To learn robotics and eventually program robot brains I’ve started building some ROS2 modules. I have several Raspberry Pi 3B’s so I bought some stepping motors and an Adafruit 16-channel PWM HAT and set about building some ROS2 packages.
Well, I soon discovered that, while ROS2 is a modernization of the original ROS (which grew organically over the last decade plus), it is not all done. There are many, many features, modules, and conventions that are not complete. So, I scaled my project back a little and started building some basic modules so I could learn the state of things.
First thing I published is a fork of Christian’s raspicam2_node which compiles and runs under the latest ROS2 build (bouncy). This lead me to needing a version of ROS2 on Raspbian. ROS2 is targeted at the latest versions of operating systems and tools. So ROS2 wants that latest version of Linux and also wants 64-bit hardware.
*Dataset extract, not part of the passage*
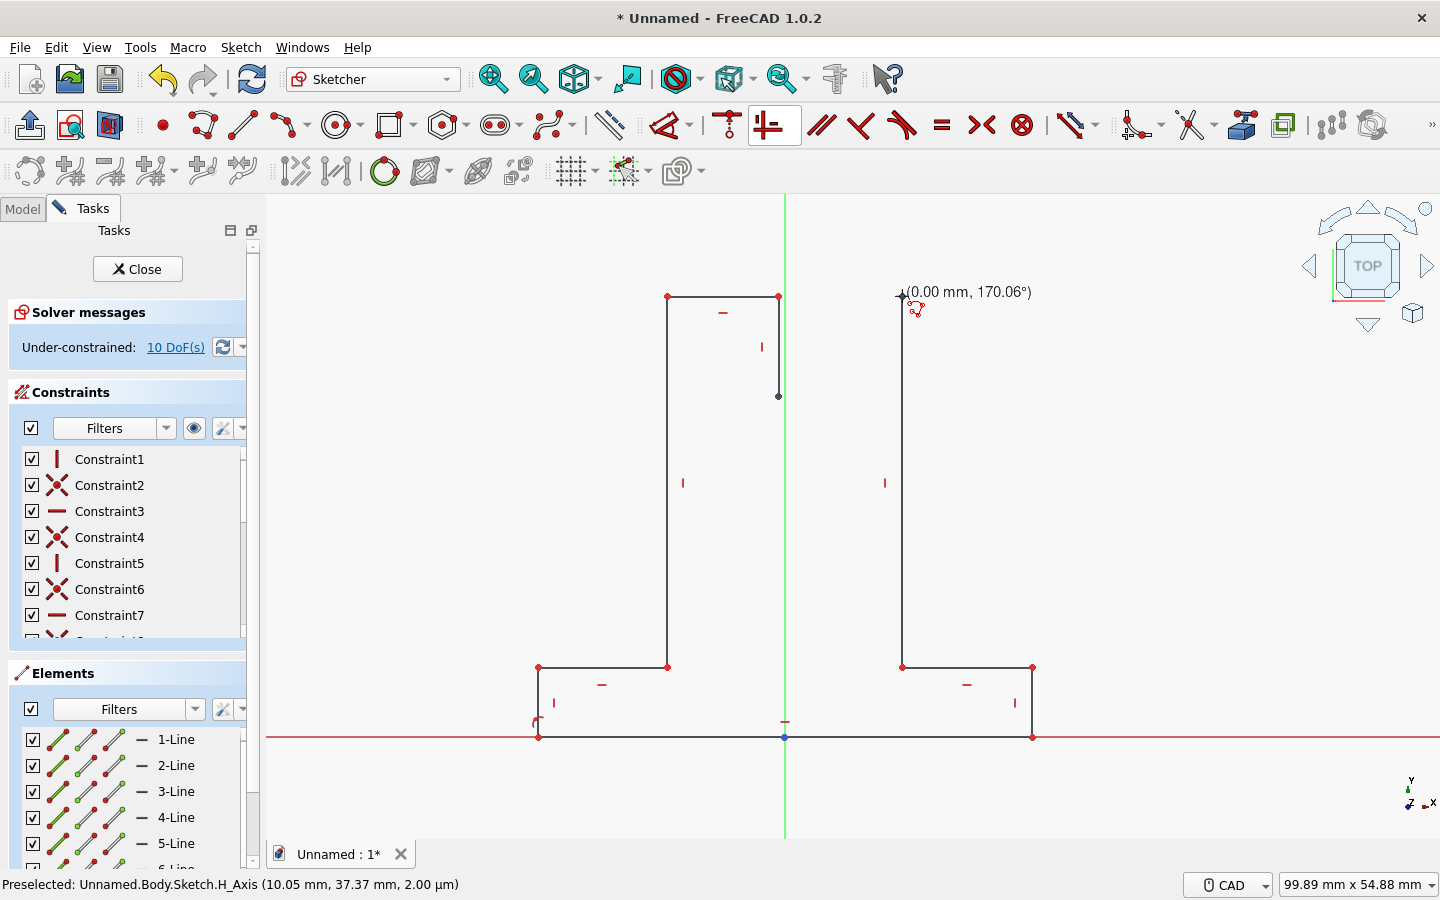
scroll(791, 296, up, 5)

But everything hasn’t caught up – the latest version of Raspbian is 32-bit and the previous LTS version of Ubuntu.
To build ROS2 on Raspbian, I created a script in ROS2OnPiTools that fetches and builds ROS2 on Raspbian. It takes several hours but it results in a directory that can be copied onto multiple Raspberry Pi’s.
Future blog posts will describe the details of this project but the first step is a ROS2 node to drive the Adafruit 16-channel PWM HAT. So the project ros2_adafruit_pwmhat_node is a simple, Python only node that subscribes to several topics and sets the PWM values on the HAT.
Now that I have stepping motors moving, I will work on capturing images and animating my little camera project. Future blog posts will describe this as it comes together.